Heisenberg uncertainty principle at relativistic velocities Would the Heisenberg uncertainty principle, the energy of h-bar in particular, be affected by the Lorentz factor at relativistic velocities from an external pov?
If a rocket were to speed by at relativistic velocities and if we could see inside it, or if we could view the environment close to a black hole, would quantum effects be more pronounced there?
That is to say, would the magnitude of h-bar increase in a similar way that the Lorentz factor increases the magnitude of momentum and kinetic energy at relativistic velocities?
My thought process stems from H bar = 1.054571817×10−34 joules x sec, yet mass and energy are equivalent. So if the Lorentz factor can intensify mass and energy shouldn't H bar be affected as well?
 A: 
Would the Heisenberg uncertainty principle, the energy of h-bar in particular, be affected by the Lorentz factor at relativistic velocities from an external pov?

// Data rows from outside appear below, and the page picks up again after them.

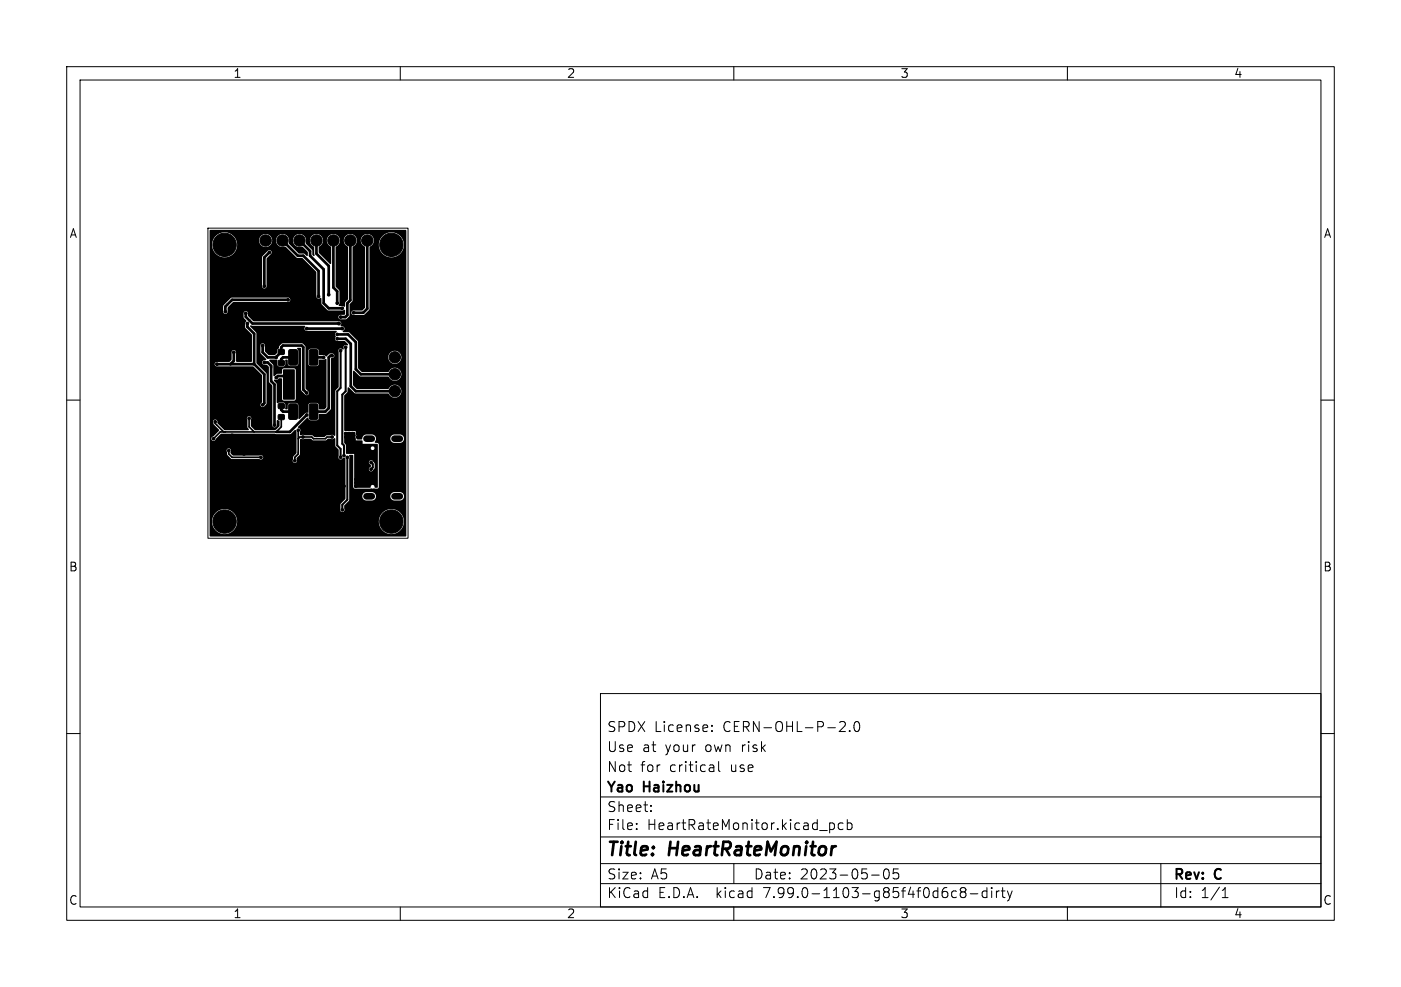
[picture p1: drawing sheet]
<svg xmlns="http://www.w3.org/2000/svg" width="210mm" height="148mm" viewBox="0 0 210 148" stroke-linecap="round" stroke-linejoin="round" font-family="sans-serif">
<defs><g id="words">
<g font-size="2.8">
<text x="91" y="128.8">Title:</text>
<text x="100.4" y="128.8">HeartRateMonitor</text>
</g>
<g font-size="2.1">
<text x="91" y="112.9">Use</text>
<text x="91" y="109.9">SPDX License:</text>
<text x="96.3" y="112.9">at</text>
<text x="99.7" y="112.9">your</text>
<text x="105.7" y="112.9">own</text>
<text x="108.4" y="109.9">CERN-OHL-P-2.0</text>
<text x="111.2" y="112.9">risk</text>
<text x="91" y="119.1">Yao</text>
<text x="91" y="115.9">Not</text>
<text x="96" y="115.9">for</text>
<text x="96.6" y="119.1">Haizhou</text>
<text x="100.4" y="115.9">critical</text>
<text x="109.5" y="115.9">use</text>
<text x="91" y="124.6">File:</text>
<text x="91" y="121.9">Sheet:</text>
<text x="97" y="124.6">HeartRateMonitor.kicad_pcb</text>
<text x="91" y="134.8">KiCad</text>
<text x="91" y="132">Size:</text>
<text x="97.6" y="132">A5</text>
<text x="98.7" y="134.8">E.D.A.</text>
<text x="107.4" y="134.8">kicad</text>
<text x="113" y="132">Date:</text>
<text x="114.5" y="134.8">7.99.0-1103-g85f4f0d6c8-dirty</text>
<text x="119.9" y="132">2023-05-05</text>
<text x="176" y="132.2">Rev:</text>
<text x="176" y="134.8">Id:</text>
<text x="180" y="134.8">1/1</text>
<text x="182.2" y="132.2">C</text>
</g>
<g font-size="1.8">
<text x="35" y="11.8">1</text>
<text x="85" y="11.8">2</text>
<text x="135" y="11.8">3</text>
<text x="185" y="11.8">4</text>
<text x="10.4" y="35.8">A</text>
<text x="198.4" y="35.8">A</text>
<text x="10.3" y="85.8">B</text>
<text x="198.3" y="85.8">B</text>
<text x="10.3" y="135.8">C</text>
<text x="35" y="137.8">1</text>
<text x="85" y="137.8">2</text>
<text x="135" y="137.8">3</text>
<text x="185" y="137.8">4</text>
<text x="198.3" y="135.8">C</text>
</g>
</g></defs>
<g fill="none" stroke="#000" stroke-width=".15">
<path d="M10 10h190v128h-190zM12 12h186v124h-186zM60 10v2M110 10v2M160 10v2M31.2 34.2h30v46.5h-30zM10 60h2M198 60h2M10 110h2M90 104h108v32h-108zM90 119.5h108M106.7 109.6v.1"/>
<path d="M106.7 108.8v.1M106.8 114.7l.2 .2v.8M107 115.6l-.1 .1M107 115.1h-.1M107.7 114.2v1.3l.2 .2M125.9 108.3l.2-.1 .5 .1a.41 .41 0 0 1 0 .5l-.8 .9h.9M127.4 109.6v.1M128.2 108.3l.3-.1a.94 .94 0 0 1 0 1.5h-.1a1 1 0 0 1-.2-1.4zM198 110h2M60 136v2M90 132.5h108M90 129.5h108"/>
<path d="M90 125.5h108M95.4 124.3v.1M95.4 123.5v.1M97.6 121.6v.1M97.6 120.8v.1M110 136v2M110 129.5v3M124.4 123.4v1.5M124.4 123.5l.4-.1 .3 .3v.4l-.2 .2h-.5M126.4 123.5l-.5-.1-.3 .3v.4l.2 .2h.6M127 123.5l.4-.1 .3 .3v.4l-.1 .2h-.6M127 122.9v1.5"/>
<path d="M130.6 131.2h1.2M132.6 130.4l.3-.1a.94 .94 0 0 1 0 1.5h-.1a1 1 0 0 1-.2-1.4zM134.6 130.3h-.7v.7l.2-.1h.5l.1 .3-.1 .5-.2 .1h-.3l-.2-.1M142.9 133.6l.5 .1M143.4 134.5l-.5 .1M144.2 133.7l-.3 .3 .1 .5 .2 .1h.3l.3-.3-.1-.4-.2-.2M144.2 133.7l-.3-.2 .1-.3 .2-.1h.3l.3 .3-.1 .2-.2 .1M144.2 133.7h.3M145.4 134h1.2M147.9 133.7l-.4-.1-.3 .3v.4l.2 .2h.5M147.9 133.1v1.5M148.6 133.1v.1"/>
<path d="M148.6 133.6v1M149.4 133.6v1M149.8 133.6l-.3 .1-.1 .2M150.1 133.6h.5M150.3 133.1v1.3l.1 .1 .2 .1M151 133.6l.4 1M151.4 134.6l-.2 .4-.2 .1M151.7 133.6l-.3 1M160 136v2M174 129.5v6.5M183.2 134.6h.9M183.2 133.5l.5-.4v1.5"/>
</g>
<path d="M125.3 126.9l-.4 .1" fill="none" stroke="#000" stroke-width=".4"/>
<g fill="#000" stroke="#000" stroke-width=".15">
<path d="M36.4 35.2h1.7v1.7h-1.7zM41.7 54.1h.9v.7h-.9zM41.7 52.4h.9v.7h-.9zM42.8 55.6h1v1.6h-1zM42.8 58.2h1v1.5h-1zM43.3 52.5l1-.1 .3 .2v1.9l-.2 .2-.9 .1-.2-.2zM47 55.6h1v1.6h-1zM47 58.2h1v1.5h-1zM46.4 52.5l1-.1 .2 .2 .1 1.9-.2 .2-.9 .1-.2-.2zM41.7 60.6h.9v.6h-.9zM41.7 62.2h.9v.7h-.9zM43.3 60.6l1-.1 .3 .2v1.9l-.2 .3h-.9l-.2-.2z"/>
<path d="M46.4 60.6l1-.1 .2 .2 .1 1.9-.2 .3h-.9l-.2-.2zM58.3 60.4h1.7v1.7h-1.7z"/>
<circle cx="33.7" cy="36.7" r="1.75"/>
<circle cx="39.8" cy="36.1" r=".85"/>
<circle cx="40.4" cy="37.8" r=".2"/>
<circle cx="42.4" cy="36.1" r=".85"/>
<circle cx="44.9" cy="36.1" r=".85"/>
<circle cx="47.4" cy="36.1" r=".85"/>
<circle cx="50" cy="36.1" r=".85"/>
<circle cx="52.5" cy="36.1" r=".85"/>
<circle cx="55.1" cy="36.1" r=".85"/>
<circle cx="58.7" cy="36.7" r="1.75"/>
<circle cx="32.3" cy="58.4" r=".2"/>
<circle cx="32.5" cy="54.6" r=".2"/>
<circle cx="33.3" cy="50" r=".2"/>
<circle cx="33.8" cy="46.7" r=".2"/>
<circle cx="34.5" cy="52.3" r=".2"/>
<circle cx="35.1" cy="52.8" r=".2"/>
<circle cx="35.8" cy="53.6" r=".2"/>
<circle cx="36.8" cy="47" r=".2"/>
<circle cx="37.1" cy="48.5" r=".2"/>
<circle cx="39.4" cy="51.8" r=".2"/>
<circle cx="39.6" cy="42.9" r=".2"/>
<circle cx="39.6" cy="54.4" r=".2"/>
<circle cx="41.1" cy="40.4" r=".2"/>
<circle cx="41.4" cy="53.6" r=".2"/>
<circle cx="41.4" cy="56.6" r=".2"/>
<circle cx="43.2" cy="45" r=".2"/>
<circle cx="44.4" cy="45.2" r=".2"/>
<circle cx="45.5" cy="51.1" r=".2"/>
<circle cx="46" cy="58.9" r=".2"/>
<circle cx="46" cy="49.3" r=".2"/>
<circle cx="47.8" cy="44.4" r=".2"/>
<circle cx="48.5" cy="53.6" r=".2"/>
<circle cx="49.3" cy="44.2" r=".2"/>
<circle cx="49.8" cy="53.3" r=".2"/>
<circle cx="50.5" cy="50.8" r=".2"/>
<circle cx="50.5" cy="45.5" r=".2"/>
<circle cx="50.5" cy="50.1" r=".2"/>
<circle cx="50.8" cy="48.5" r=".23"/>
<circle cx="51.1" cy="52.6" r=".2"/>
<circle cx="51.1" cy="47.5" r=".2"/>
<circle cx="51.3" cy="46.2" r=".2"/>
<circle cx="51.3" cy="49.3" r=".2"/>
<circle cx="51.8" cy="52.1" r=".2"/>
<circle cx="53" cy="46.9" r=".2"/>
<circle cx="53.8" cy="49.3" r=".2"/>
<circle cx="59.2" cy="58.7" r=".85"/>
<circle cx="59.2" cy="56.1" r=".85"/>
<circle cx="59.2" cy="53.6" r=".85"/>
<circle cx="32" cy="64.3" r=".2"/>
<circle cx="32" cy="65.8" r=".2"/>
<circle cx="32.3" cy="63.2" r=".2"/>
<circle cx="33.7" cy="78.2" r="1.75"/>
<circle cx="34.3" cy="67.6" r=".2"/>
<circle cx="34.8" cy="65.3" r=".2"/>
<circle cx="36.6" cy="68.1" r=".2"/>
<circle cx="37.3" cy="62.7" r=".2"/>
<circle cx="37.3" cy="65.8" r=".2"/>
<circle cx="39.1" cy="68.6" r=".2"/>
<circle cx="39.4" cy="63.2" r=".2"/>
<circle cx="39.4" cy="60.7" r=".2"/>
<circle cx="41.1" cy="63.8" r=".2"/>
<circle cx="44.2" cy="69.1" r=".2"/>
<circle cx="44.7" cy="64.5" r=".2"/>
<circle cx="45.4" cy="65.5" r=".2"/>
<circle cx="45.7" cy="69.1" r=".2"/>
<circle cx="46" cy="62.2" r=".2"/>
<circle cx="47.5" cy="65.3" r=".2"/>
<circle cx="49.8" cy="63.5" r=".2"/>
<circle cx="49.8" cy="65.5" r=".2"/>
<circle cx="50.5" cy="78.5" r=".2"/>
<circle cx="51.1" cy="68.6" r=".2"/>
<circle cx="51.3" cy="76.5" r=".2"/>
<circle cx="51.6" cy="72.9" r=".2"/>
<circle cx="51.6" cy="68.3" r=".2"/>
<circle cx="51.8" cy="65.5" r=".2"/>
<circle cx="51.8" cy="65" r=".2"/>
<circle cx="52.1" cy="68.6" r=".2"/>
<circle cx="52.3" cy="65" r=".2"/>
<circle cx="52.3" cy="65.5" r=".2"/>
<circle cx="52.8" cy="65" r=".2"/>
<circle cx="52.8" cy="65.5" r=".2"/>
<circle cx="53.1" cy="61.2" r=".2"/>
<circle cx="53.3" cy="71.9" r=".2"/>
<circle cx="53.3" cy="72.9" r=".2"/>
<circle cx="53.3" cy="72.4" r=".2"/>
<circle cx="53.6" cy="74.2" r=".2"/>
<circle cx="53.6" cy="73.7" r=".2"/>
<circle cx="53.6" cy="65.5" r=".2"/>
<circle cx="53.6" cy="65" r=".2"/>
<circle cx="53.8" cy="72.4" r=".2"/>
<circle cx="53.8" cy="68.1" r=".2"/>
<circle cx="53.8" cy="67.6" r=".2"/>
<circle cx="53.8" cy="77.2" r=".2"/>
<circle cx="55.4" cy="77.2" r=".2"/>
<circle cx="55.6" cy="67.8" r=".2"/>
<circle cx="55.6" cy="70.4" r=".2"/>
<circle cx="55.6" cy="69.3" r=".2"/>
<circle cx="55.6" cy="72.4" r=".2"/>
<circle cx="56.1" cy="64" r=".2"/>
<circle cx="56.1" cy="71.9" r=".2"/>
<circle cx="56.1" cy="72.4" r=".2"/>
<circle cx="58.7" cy="78.2" r="1.75"/>
<circle cx="59.2" cy="64" r=".2"/>
</g>
<path d="M54.9 74.4h.8M54.9 65.8h.8M59.1 74.4h.8M59.1 65.8h.8" fill="none" stroke="#000" stroke-width="1"/>
<g fill="none" stroke="#000" stroke-width=".41">
<path d="M40.4 37.8l-.8 .8v4.3M42.4 36.1l2.2 2.3h.9l2.3 2.2v3.9M44.9 36.1l1.6 1.6v.7l2 2v5.1l.8 .7h2M47.4 36.1v1.9l1.9 1.9v4.3M50 36.1v7l.5 .6v1.8M52.5 36.1v8.9l-.4 .5v1.7l-.3 .4h-.7M55.1 36.1v10.2l-.7 .6h-1.4M32.5 54.6h5.6M35.1 52.8v1.3l-.6 .5M36.8 47v.5l1 1h13M37.1 48.5v.5l1 1v4.6M38.1 54.6l1.5 1.5v4.4l-.2 .2"/>
<path d="M39.4 51.8v1l.7 .8h1.3l.8-.8v-.7l.2-.3h2.8l.3 .3v6.3l.5 .5M39.6 54.4h.5l.5 .5v2.3l.5 .5v6.1M43.2 45h-8.4l-1 1v.7M43.3 56.4h-1.6l-.3 .2M43.9 53.6h-1.5l-.2 .2v.6M46 49.3h5.3M47 53.6h1.5M49.8 53.3h-.3l-.2 .3v7.6l-.5 .5h-1.8M50.5 50.2h1.7l1.1 1.1v4.1l.8 .7h5.1M50.5 50.8h1.3l.8 .8v6.3l.7 .8h5.9M42.2 60.9v.6l.2 .2h1.5M46 62.2l-2.6 2.6h-2"/>
</g>
<path d="M32.3 63.2v.3l1.2 1.3M34.3 67.6v.5l.5 .5h4.3M37.3 62.7v1.3l.8 .8M42.2 62.5v1.5l-.8 .8h-8.4l-1 1M44.7 64.5v3.6l-.5 .5v.5M49.8 65.5h-.8l-.2 .3h-1.8l-.3-.3h-1.7l-.3 .3" fill="none" stroke="#000" stroke-width=".25"/>
<path d="M51.1 52.6v5.6l-.6 .5v8.1l.6 .5v1.3M51.8 52.1v6.6l-.5 .5v7.3l.3 .3v1.5M52.1 68.6v6.3l-.8 .8v.8M55.6 69.3l.3 .3v.5l-.3 .3" fill="none" stroke="#000" stroke-width=".3"/>
<path d="M31.4 34.5h29.4l.1 .1v45.8l-29.4 .1-.1-.2v-2.1h.4a1.88 1.88 0 0 0 1.9 1.9 1.88 1.88 0 0 0 1.8-1.9h21.3v.3a1.88 1.88 0 0 0 3 1.2 1.88 1.88 0 0 0-.3-3.2 1.88 1.88 0 0 0-2.7 1.7h-21.3v-.3a1.88 1.88 0 0 0-2-1.6 1.88 1.88 0 0 0-1.7 1.9h-.4v-10.6h2.6l.1 .6 .7 .6 4.1 .1a.34 .34 0 0 0 .5-.1 .34 .34 0 0 0-.1-.5 .34 .34 0 0 0-.4 0h-3.9l-.5-.4a.39 .39 0 0 0 .1-.5 .39 .39 0 0 0-.5-.1l-.1 .3h-2.6v-1.8h.3a.34 .34 0 0 0 .3 .3 .34 .34 0 0 0 .4-.3l.8-.8 10.3 .1 .8-.6 .1 .3v3.1l-.4 .6-.1 .4a.34 .34 0 0 0 .1 .5 .34 .34 0 0 0 .5-.1 .34 .34 0 0 0 0-.5v-.1l.4-.5 .1-2.3 .1-.1h1.5l.4 .2h1.8l.4-.2 .6 .1 .4-.2 .1 1.2 .5 .6v.9a.35 .35 0 0 0 .1 .5 .35 .35 0 0 0 .5-.2h.3l.1 .1v6l-.8 .8v.7a.34 .34 0 0 0 .4 .5 .34 .34 0 0 0 .2-.5v-.5l.7-.7v-.7h2l.1 .4 .3 .2 1.1 .1a.62 .62 0 0 0 .6-.7h2.1l.1 .4 .3 .2 1.1 .1a.63 .63 0 0 0 .6-.7 .63 .63 0 0 0-.6-.6h-1l-.4 .3-.1 .3h-2.1l-.2-.4-.4-.2h-1l-.4 .3-.1 .3h-2v-6.1l.5-.1 .2 .1v4.9l.2 .1h3.4l.2-.3v-6.3l-.2-.3-.4-.1 .2-.6h2.1l.1 .5 .3 .2h1.1a.63 .63 0 0 0 .6-.6 .63 .63 0 0 0-.6-.6h-1l-.4 .2-.1 .3h-2.1l-.2-.3-.2-.2h-1.1a.85 .85 0 0 0-.7 .7l-.7-.1-.1-1-.1-.1-1.7-.1v-5.3l.5-.5v-.7h.2l1 .9h4.9a1.02 1.02 0 0 0 1.3 .6 1.02 1.02 0 0 0 .6-1.3 1.05 1.05 0 0 0-1-.6 1.05 1.05 0 0 0-.9 .6h-4.7l-.6-.6v-2l.2-.1 1 .9h4.1a.99 .99 0 0 0 1.6 .4 .99 .99 0 0 0 0-1.6 .99 .99 0 0 0-1.6 .5h-3.9l-.6-.6v-1.6h4.5v.2a.98 .98 0 0 0 1.6 .6 .98 .98 0 0 0-.2-1.7 .98 .98 0 0 0-1.4 .9h-4.5l-.1-2.4-1.3-1.4h-.9v-.1l.2-.3v-.2l-.1-.2-.4-.1v-.2a.36 .36 0 0 0 0-.4 .36 .36 0 0 0-.5-.1h-12.6l-.8-.8v-.4a.33 .33 0 0 0-.4-.3 .33 .33 0 0 0-.3 .3v.6l.4 .5-.1 .4v.6l1 1.1-.1 4-2.3 .1v-1.4a.33 .33 0 0 0-.3-.4 .33 .33 0 0 0-.4 .4v1l-.3 .3-2 .1-.2 .2v.3l.3 .1 5.5 .1 1.3 1.3v4l-.3 .4 .1 .2 .3 .1 .5-.3 .1-.2v-4.4l-1.6-1.7v-4.4l-.9-1v-.2h8.1l.2 .2-.1 .4 .2 .2h4.5l.1 .1-.3 .4 .1 .4-.1 .2 .1 .3 .2 .1 1.2 .1 .4 .4v.2a.43 .43 0 0 0-.5 0 .43 .43 0 0 0-.1 .6h-.2a.34 .34 0 0 0-.4-.1 .34 .34 0 0 0-.1 .5v5.2l-.5 .7-.1 6.6-.1 .1-.4-.2-.8 .1-.3 .2h-1.5l-.4-.2h-1.7v-.6a.33 .33 0 0 0-.2-.5l-.1-.2 1.3-1.3h.2l.3 .3h1l.3-.2 .1-.7 1-.1 .7-.8v-7.4l.4-.2 .1-.4-.2-.2h-.4l-.6 .5-.3-.2h-.7l-.1-.1v-.6l-.2-.2-1.1-.1-.3 .3v2l.2 .2 1.1 .1 .3-.3 .1-.7h.7l.2-.1 .1 .1v7.1l-.3 .4h-.7a1 1 0 0 0-.3-.9h-1.2l-.2 .3v1.1l-.4 .1-.9 .8-.2-.1v-1.9l-.1-.3h-1.3l-.2 .2v.6l-.2 .1-.2-.1 .1-.6-.2-.3h-1.1v-2.8l-.4-.6 .4-.1 .3-.2h.4l.1 .1v3.2l.2 .1h1.6l.2-.2v-4.4l-.2-.3-1.6 .1-.2 .1-.1 .6-.7 .1-.4 .3-.1-1.7-.6-.7 1.1-.1 .1 .9 .2 .1h.7l.3-.2v-.7l.2-.1 .1 .1v.6l.2 .2 1.2 .1 .2-.3v-2l-.2-.4h.6v6.2l.7 .8 .3 .1 .1-.2 .1-.2-.5-.7v-6.2l-.1-.1-.5-.4h-2.9l-.4 .4-.1 .3-.2 .3-.1 .4-.3 .3-.9 .1-.6-.6v-.9a.33 .33 0 0 0-.3-.3 .33 .33 0 0 0-.4 .3l.1 1.2 .8 .9v.1l-.5 .1-.1 .3 .2 .3h.5l.3 .3v2.2l.5 .6v5.9a.33 .33 0 0 0 .3 .4 .33 .33 0 0 0 .4-.4v-.6l.1-.1 .3 .2v.7l-.6 .5-3 .1-.7-.6v-1a.34 .34 0 0 0-.1-.4 .34 .34 0 0 0-.4 0 .34 .34 0 0 0 0 .5v1l.2 .4-.1 .1h-3.5l-1.1-1.1a.34 .34 0 0 0-.5-.4 .34 .34 0 0 0-.1 .5l.9 1.1-1.2 1v.2h-.3v-19.9h2l.1 .8a.33 .33 0 0 0 .3 .4 .33 .33 0 0 0 .3-.4v-.6l.9-.8h8.2l.3-.2v-.2l-.3-.3h-8.4l-.2 .1-1.2 1.2h-2v-9.2h.4v.3a1.88 1.88 0 0 0 2.1 1.6h5.4v4.3a.33 .33 0 0 0 .3 .4 .33 .33 0 0 0 .4-.4v-4.1l.7-.8v-.2l-.1-.2h-.4l-.9 1h-5.4a1.87 1.87 0 0 0 1.5-2.5h3.4l.1 .2a.98 .98 0 0 0 1 .7 .98 .98 0 0 0 .9-.9h.6v.2a1.09 1.09 0 0 0 1.4 .7l1.6 1.6 1 .1 2 2v3.8a.4 .4 0 0 0 .3 .3 .4 .4 0 0 0 .4-.1l.1 .9 .9 .9h2.6v.7h-.8l-.1 .2-.1 .3 .2 .2 1.1-.1 .4-.4v-.5h.3l.1 .3h.2h1.7l.7-.9v-9.2l.4-.4h1a1.88 1.88 0 0 0 2.7 1.7 1.88 1.88 0 0 0 .3-3.2 1.88 1.88 0 0 0-3 1.2v.3h-1a.99 .99 0 0 0-.2-1.4 .99 .99 0 0 0-1.5 .3 .99 .99 0 0 0 .6 1.4v9.1l-.4 .5h-1.4l-.2 .1v.2h-.3v-1.2l.5-.7v-8a.99 .99 0 0 0 .4-1.5 .99 .99 0 0 0-1.6 0 .99 .99 0 0 0 .5 1.5v7.8l-.4 .5-.1 .6-.1 .1-.8-.2 .1-.3v-1.8l-.6-.7v-6a.99 .99 0 0 0 .5-1.5 .99 .99 0 0 0-1.6 0 .99 .99 0 0 0 .4 1.5v2.5l-.1 .1-1.7-1.7v-.9a.99 .99 0 0 0 .4-1.5 .99 .99 0 0 0-1.6 0 .99 .99 0 0 0 .5 1.5v1.2a.13 .13 0 0 1 0 .1 .13 .13 0 0 1-.1 .1l-.2-.2v-.7l-1-1a1.02 1.02 0 0 0-.5-1.3 1.02 1.02 0 0 0-1.3 .5 1.05 1.05 0 0 0 .3 1.1 1.05 1.05 0 0 0 1.1 .2l.7 .8v.6l-.5-.4h-.8l-1.5-1.5a1.02 1.02 0 0 0-.5-1.3 1.02 1.02 0 0 0-1.4 .5v.4h-.6v-.2a.98 .98 0 0 0-1.1-.8 .98 .98 0 0 0-.9 1h-3.4v-.2a1.88 1.88 0 0 0-2.1-1 1.88 1.88 0 0 0-1.5 1.8h-.4zM42.4 55.4h1.8l-.1 4.5h-1.7zM51.6 64.8h1.6l.1 1.2 1 .1 .1 .4 2.2 .1v6.4l-.1 .2-.3-.1-.1-.1a.29 .29 0 0 0-.3-.3 .29 .29 0 0 0-.2 .4l-2.4 .1-.1-.2v-2.6h2.2a.39 .39 0 0 0 .4 .2 .39 .39 0 0 0 .4-.3l.1-.1v-.7l-.3-.3a.34 .34 0 0 0-.5-.1 .34 .34 0 0 0 .2 .6 .41 .41 0 0 1-.3 .5v.2h-2.2v-2.3h-1.2l-.1-.9h3.8a.28 .28 0 0 0 .3 .3 .28 .28 0 0 0 .2-.5 .28 .28 0 0 0-.5 .1v.1h-3.8v-.5l-.2-.3z" fill="#000"/>
<use href="#words"/>
</svg>

There is no reason why Planck's constant (in this case the reduced Planck's constant which is just $\frac{h}{2\pi}$) would change even in relativistic velocities. What you mean by the "energy of $\hbar$" is not obvious.

If a rocket were to speed by at relativistic velocities and if we could see inside it, or if we could view the environment close to a black hole, would quantum effects be more pronounced there?

In terms of quantum effects near a black hole, the rate of particle-antiparticle creation and annihilation is increased dramatically near its event horizon. But this is due to the immense gravitational energy caused by the black hole on space-time itself. What this has to do with $\hbar$ is not obvious.

That is to say, would the magnitude of h-bar increase in a similar way that the Lorentz factor increases the magnitude of momentum and kinetic energy at relativistic velocities?

No. There is no reason why $\hbar$ would increase, let alone change in any way.

My thought process stems from H bar = 1.054571817×10−34 joules/sec, yet mass and energy are equivalent. So if the Lorentz factor can intensify mass and energy shouldn't H bar be affected as well?

No. It should not. And $\hbar$ has units $J\cdot sec$ and is referred to as “action”. The mechanism you explain here seems to connect two separate things. The equivalence of mass and energy has no direct bearing (that is obvious to me anyway) on what the value of $\hbar$ is. If you could elaborate on what you mean here in the comments, I would be happy to edit this answer in order to answer your question.
A: Planck constant $h= 6.62607015\times 10^{−34}$ Js (i.e. Joules times second and not Joules per second) in SI units. See here. As such it has the units of action. Although energy transforms as a result of Lorentz transformations, the Planck constant does not. There may be some interesting effects of special relativity (or general relativity) on the uncertainty principles, but as far as we know this does not include a variation in the value of $h$.